Classes are organized into a specialization structure with parent classes describing part of the structure of child classes, and child classes extending and specializing the capabilities of the parent classes.

Objects in Modula-3 are referred to indirectly (by means of reference variables). The use of reference variables permits decisions about which method to be executed in fulfillment of a message to be delayed until runtime, increasing flexibility.

The model of programming in object oriented languages is one of autonomous objects that communicate by sending messages to each other. These messages request services of the target of the message. Control of a computation follows the path of messages, so that at any given time some object has control of the computation, hence of the computer on which it runs.


1. (2.5) Build and test a linked list implementation of the class RealStack similar to the ordinary implementation discussed in section 2.5. Put the type declarations in the interface files RStack.i3 and PRRStack.i3. Put the implementations of all of the methods in the file RStack.m3. Build a separate main Module that will exercise the package. The next fields of each object should be of type RealStack. Note that it IS legal to have an instance variable of the same type as the class type that contains it. Omit the call to FailNil unless you implement such an ordinary procedure yourself. When called, FailNil checks its parameter and if that is NIL it should print an informative message and then halt the program.

2. (2.5) A fundamental problem with the stack class of problem 2.1 is that a stack as a whole is represented in the same way as a "node" in the stack. Improve on this in the following way. Rename the stack class from problem 2.1 to be StackNode. (Use the editor to change all occurrences of RealStack to StackNode. ) Now build another class RealStack whose single instance variable is a StackNode. Now an object of this new class represents the stack as a whole and the StackNode class represents the nodes out of which we build a stack. You now have an ADT with two data abstractions.

3. (2.5) Design test data to test our implementation of LinkedStack.T. You should have one or more tests for each of the rules in the definition of a stack. For example, the rule that states that empty must return true immediately after initialization can be easily checked by creating a stack and immediately calling empty.

4. (2.5) Give rules defining a bounded stack similar to those we gave for a stack. Verify that our first implementation of SimpleStack.T (Section 1.5.11) obeys your rules or show specifically how it does not. It will be helpful to add a predicate FULL to the data abstraction to decide at run time if a given bounded stack is full.

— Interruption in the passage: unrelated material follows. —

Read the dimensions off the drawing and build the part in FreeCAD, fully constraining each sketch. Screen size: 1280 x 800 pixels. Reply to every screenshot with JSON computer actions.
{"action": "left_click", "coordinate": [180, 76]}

5. (2.9) What is it about the information hiding principle that, when it is used, makes it easier to modify existing software? Is there anything about it that makes it harder to modify existing software? How is information hiding related to the "rule of seven" discussed in the last chapter?

6. (2.10) What is it about inheritance that might make it possible to build software faster? What is it about inheritance that might make it possible to build better (fewer bugs) software?

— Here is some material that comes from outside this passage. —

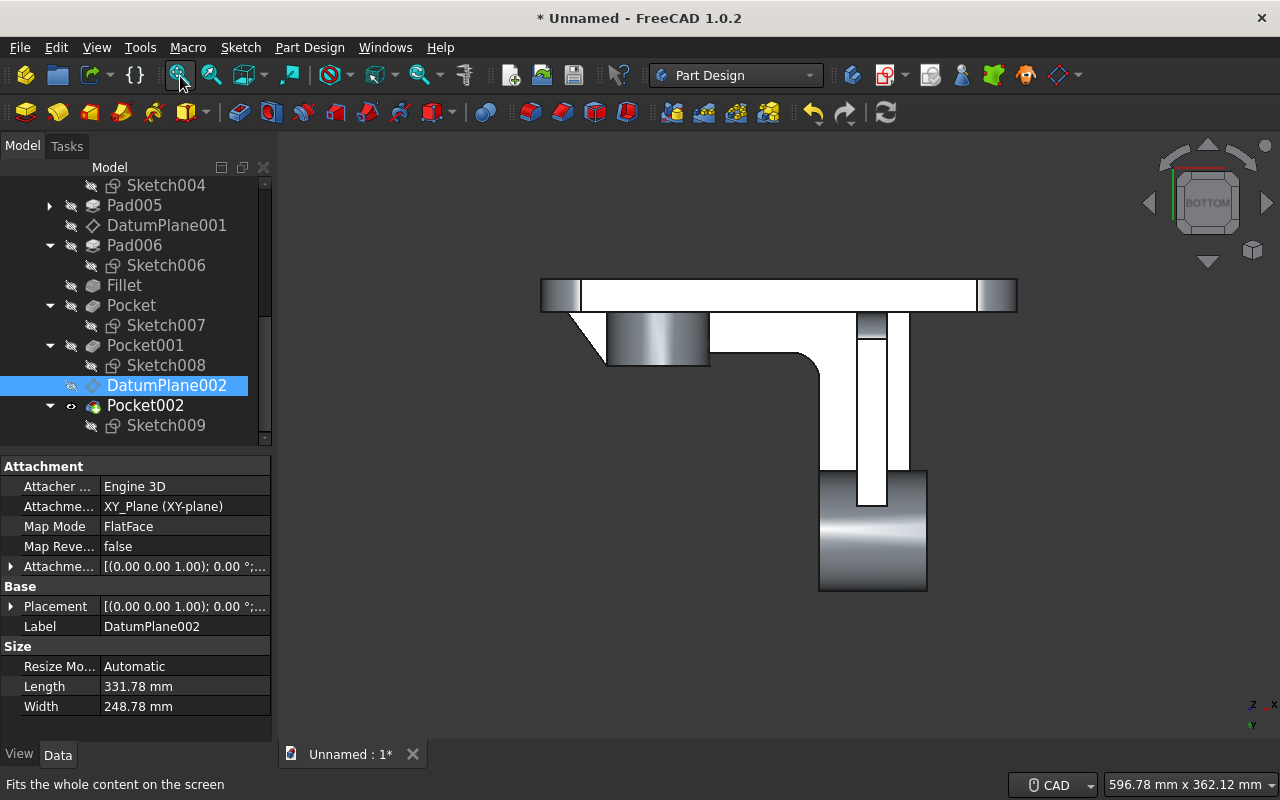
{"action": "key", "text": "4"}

7. (2.11) Build and test the RealStack class as discussed in section 2.11. Put the type declarations in the interface files RealStaA.i3 and PRRealStaA.i3. Put the implementations of all of the methods in the file RealStaA.m3. Build a separate test module that will exercise the package. Omit the call to FailNil unless you implement such an ordinary procedure yourself. It should print its parameter string and then halt the program.

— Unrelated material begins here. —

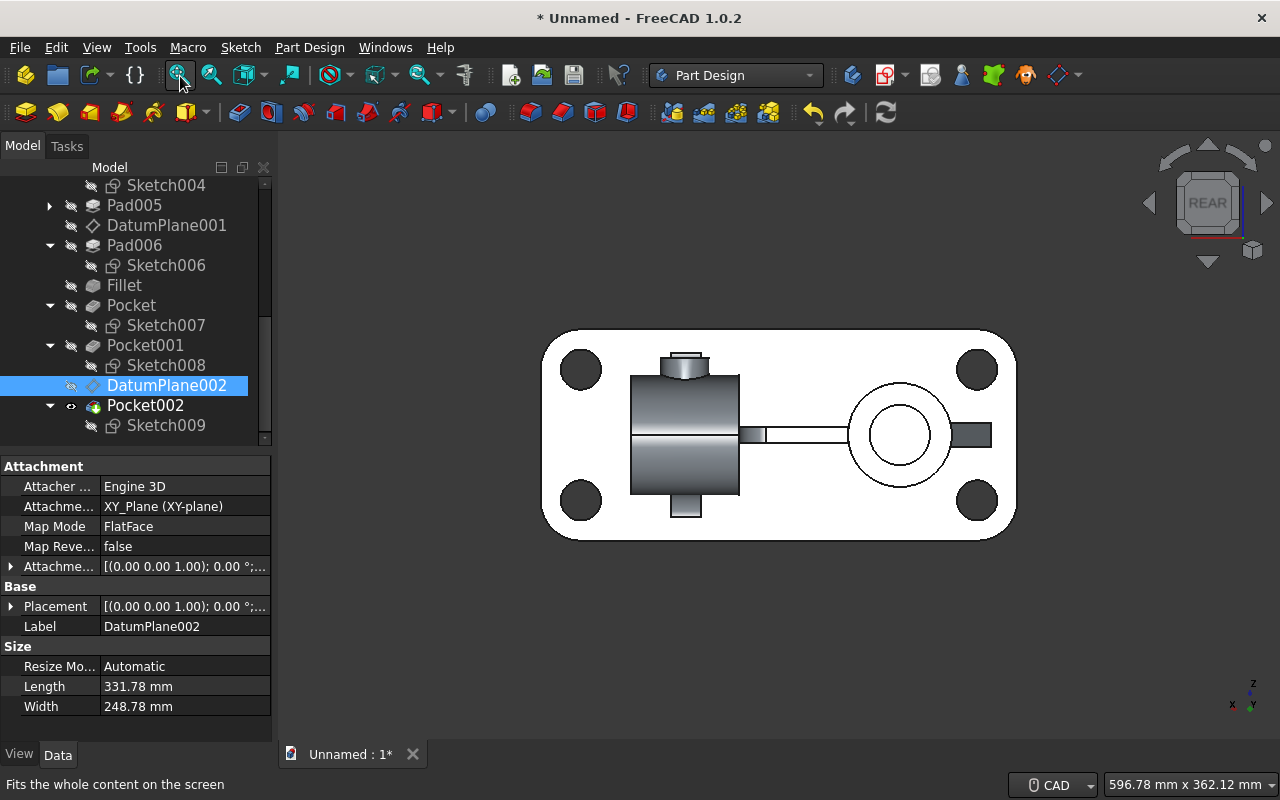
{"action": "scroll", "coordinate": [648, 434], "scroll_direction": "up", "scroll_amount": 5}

7. (2.11) Pick a board game such as checkers or chess with which you are familiar. Suppose that you wanted to write a program that would take the part of one player of the game, and which would also manage the board and game pieces, showing the state of the game (board and positions of the game pieces...) on the screen. Name three or four likely candidates for classes that you would consider when designing this program. For each of them, give a few methods. Which of these methods will need to request services from objects in one of the other classes? Add additional methods to those classes, if necessary, to represent those services. Create CRC cards for your design up to this point.